CN112498743B - Satellite attitude tracking controller based on feedforward and feedback - Google Patents

Abstract

The invention provides a satellite attitude tracking controller based on feedforward and feedback, which is designed according to the change characteristics of an expected attitude, and has the advantages of small attitude tracking error of a satellite and high tracking precision of the satellite on the expected attitude. The satellite attitude tracking controller is based on feedforward and feedback, specifically, a feedforward compensation unit based on an expected attitude track is designed aiming at the state that the expected attitude of a satellite is in a moment change, and a new controller is formed by combining a feedback controller. When the expected attitude trajectory is tracked, the satellite attitude can run according to a preset trajectory by using a lower tracking error, the attitude tracking error and the tracking precision of the satellite are higher under the regulation and control of the design controller, the actual satellite attitude change condition is closer to the preset attitude trajectory, and correspondingly, higher task completion degree can be realized.

Description

Satellite attitude tracking controller based on feedforward and feedback

Technical Field

The invention belongs to the technical field of spacecraft attitude control, and particularly relates to a satellite attitude tracking controller based on feedforward and feedback.

Background

Agile imaging by using agile satellites is a way to effectively improve the imaging capability of satellites. In various imaging modes, the satellite needs to be controlled to adjust the attitude of the satellite according to a pre-planned path track, so that a carried camera is controlled to scan the corresponding position of the ground according to a preset path. If a plurality of targets are imaged during one-time overhead crossing, a detection sequence is determined according to the position distribution of the multiple targets, a switching route is planned, and then the satellite attitude is controlled to change according to a certain rule, so that the imaging path of the camera is performed as expected, and all the targets are imaged. If large-width scanning imaging is carried out, in order to ensure the image splicing effect and the imaging quality, a satellite attitude change track needs to be designed, and the satellite attitude needs to be controlled to change according to the preset change during actual detection.

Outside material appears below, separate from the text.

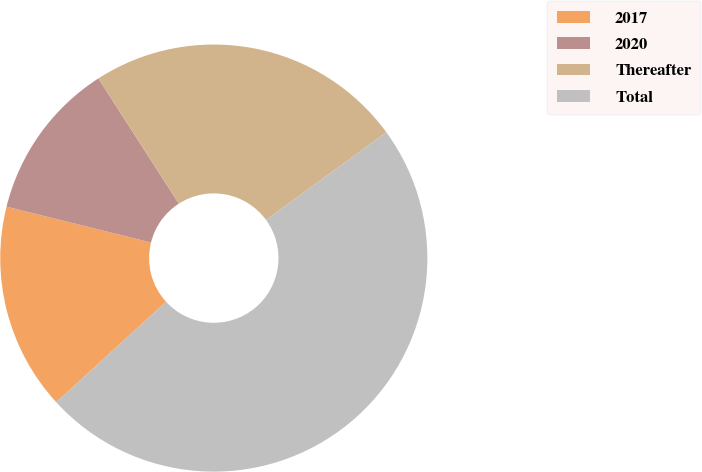Convert chart to OTSL. <chart><loc_0><loc_0><loc_500><loc_500><pie_chart><fcel>2017<fcel>2020<fcel>Thereafter<fcel>Total<nl><fcel>15.66%<fcel>12.04%<fcel>24.06%<fcel>48.23%<nl></chart>

The problem of controlling the satellite attitude to move according to the preset change track is different from the traditional satellite attitude control and large-angle attitude maneuver problems, and is called as the satellite attitude tracking problem. In a general attitude control problem, a desired attitude of a satellite is in a fixed state, and the desired attitude when performing attitude tracking changes from moment to moment. When the required attitude trajectory has a complex change rule and a large change amplitude, the change trajectory can seriously affect the effect of the controller, but the existing attitude tracking controller is not designed according to the expected attitude change characteristics, the attitude tracking error of the satellite is high, the tracking precision is poor, and the actual attitude change condition of the satellite cannot be well close to the preset attitude trajectory.

Disclosure of Invention

In view of the above, the invention provides a satellite attitude tracking controller based on feedforward and feedback, which is designed according to the change characteristics of an expected attitude, and the satellite has small attitude tracking error and high tracking accuracy of the satellite on the expected attitude.

In order to achieve the purpose, the technical scheme of the invention is as follows:

the invention relates to a satellite attitude tracking controller based on feedforward and feedback, which comprises a feedforward unit and a feedback unit, wherein the final output T of the controller _c Comprises the following steps:

T _c ＝T _c1 +T _c2 +T _c3

wherein, T _c1 Calculating the resulting desired torque, T, for the feedback unit _c2 Calculating a resulting feedforward control moment, T, for the angular acceleration for a feedforward unit _c3 Calculating a resulting feedforward control moment for the desired attitude change for the feedforward element;

feedforward control moment T of feedforward unit for angular acceleration _c2 Comprises the following steps:

wherein the content of the first and second substances,

the moment of inertia matrix J is a 3 multiplied by 3 square matrix for expecting the attitude angular acceleration and is determined by the self mass distribution of the satellite;

feedforward control moment T of feedforward unit for expected attitude change _c3 Comprises the following steps:

T _c3 ＝-K _p Jq _dev

wherein K _p The value of the proportional feedback coefficient of the feedforward unit control loop is the same as that of the feedback unit control loop; q. q.s _dev Is q _de The vector part of (a), q _de Is the quaternion difference of the desired pose.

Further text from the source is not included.